_Task to complete_
Check each line of the data for "initial", then give the number of lines that have it, without any other words.

BEGIN

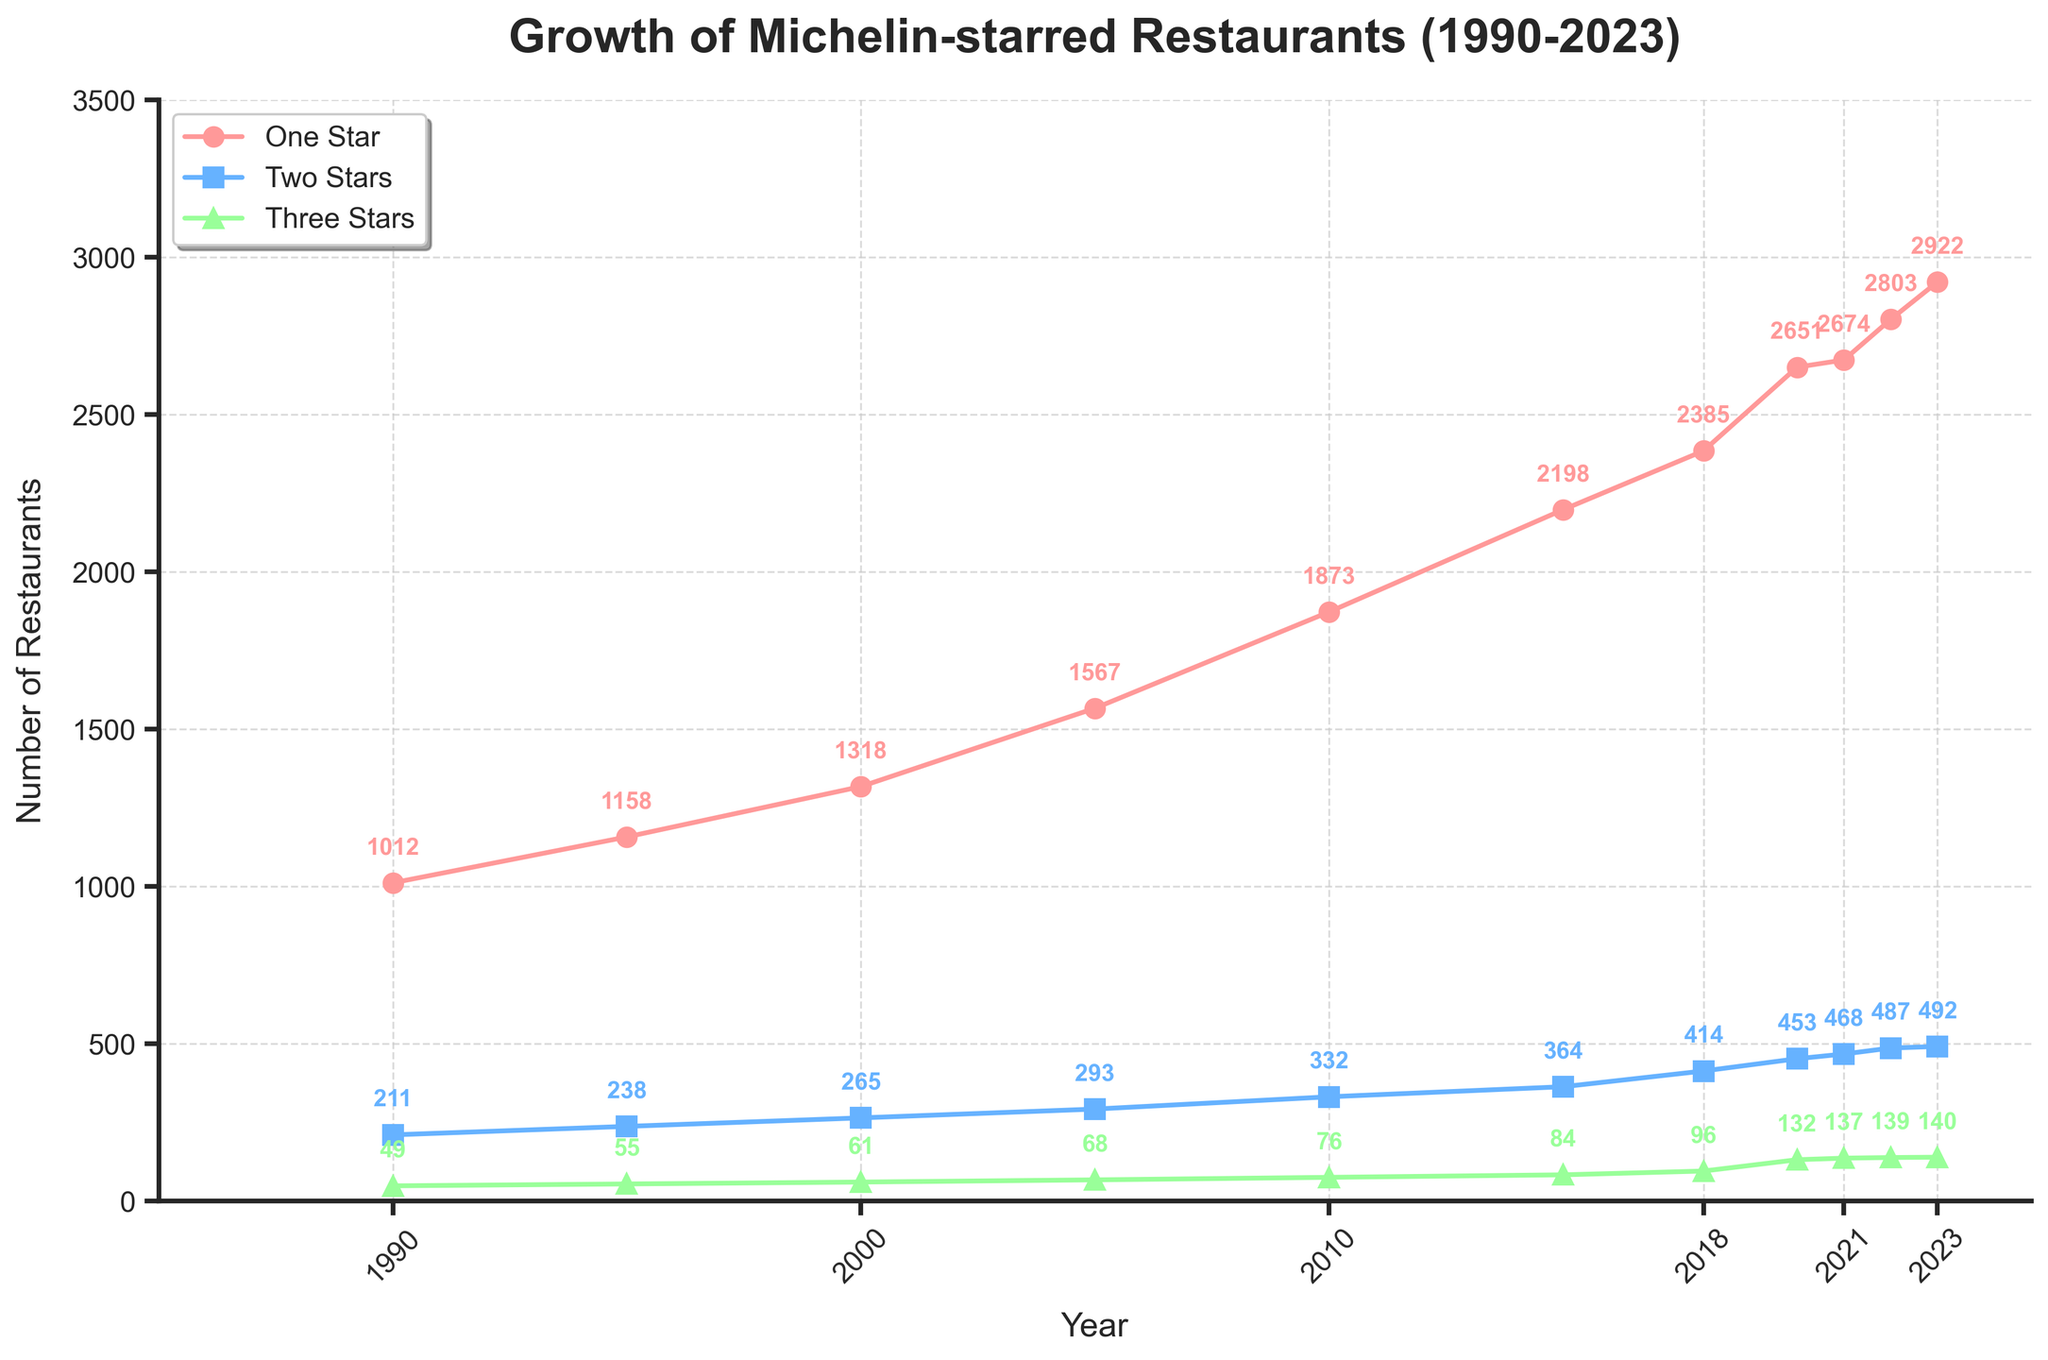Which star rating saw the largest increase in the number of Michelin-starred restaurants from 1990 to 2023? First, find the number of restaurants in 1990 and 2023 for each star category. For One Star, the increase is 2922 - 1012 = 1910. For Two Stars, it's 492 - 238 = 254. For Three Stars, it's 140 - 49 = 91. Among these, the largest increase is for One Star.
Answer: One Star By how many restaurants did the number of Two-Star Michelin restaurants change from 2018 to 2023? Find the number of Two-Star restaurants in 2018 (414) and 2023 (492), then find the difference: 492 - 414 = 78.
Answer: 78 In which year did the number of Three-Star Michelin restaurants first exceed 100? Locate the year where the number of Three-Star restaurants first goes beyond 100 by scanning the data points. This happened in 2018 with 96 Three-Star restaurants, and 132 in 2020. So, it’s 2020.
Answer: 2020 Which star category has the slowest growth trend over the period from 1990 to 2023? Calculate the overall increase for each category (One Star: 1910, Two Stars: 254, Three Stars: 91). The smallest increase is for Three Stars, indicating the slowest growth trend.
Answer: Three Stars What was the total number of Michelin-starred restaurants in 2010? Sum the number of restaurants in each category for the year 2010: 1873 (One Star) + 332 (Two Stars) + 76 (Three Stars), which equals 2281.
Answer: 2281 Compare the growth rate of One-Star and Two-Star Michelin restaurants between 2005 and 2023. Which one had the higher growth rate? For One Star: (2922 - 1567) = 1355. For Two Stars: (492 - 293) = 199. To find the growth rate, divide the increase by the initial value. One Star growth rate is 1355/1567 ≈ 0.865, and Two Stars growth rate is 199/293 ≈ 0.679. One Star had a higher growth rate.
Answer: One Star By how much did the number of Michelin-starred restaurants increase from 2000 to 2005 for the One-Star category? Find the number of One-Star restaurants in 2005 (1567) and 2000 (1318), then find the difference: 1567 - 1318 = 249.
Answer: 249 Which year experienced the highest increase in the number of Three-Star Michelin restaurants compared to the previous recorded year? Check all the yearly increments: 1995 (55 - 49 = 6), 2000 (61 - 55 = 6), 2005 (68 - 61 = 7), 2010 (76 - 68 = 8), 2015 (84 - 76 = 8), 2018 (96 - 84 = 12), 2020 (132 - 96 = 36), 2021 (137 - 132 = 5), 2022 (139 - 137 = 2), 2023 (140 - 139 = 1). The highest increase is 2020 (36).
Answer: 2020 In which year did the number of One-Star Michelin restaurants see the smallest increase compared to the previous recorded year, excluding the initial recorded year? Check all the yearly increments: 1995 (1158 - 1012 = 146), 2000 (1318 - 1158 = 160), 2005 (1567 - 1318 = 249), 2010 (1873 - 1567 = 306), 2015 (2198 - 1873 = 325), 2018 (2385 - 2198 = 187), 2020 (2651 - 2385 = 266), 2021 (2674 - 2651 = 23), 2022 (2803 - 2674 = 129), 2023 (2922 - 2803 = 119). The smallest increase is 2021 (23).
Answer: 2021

END

_Exercise response_
2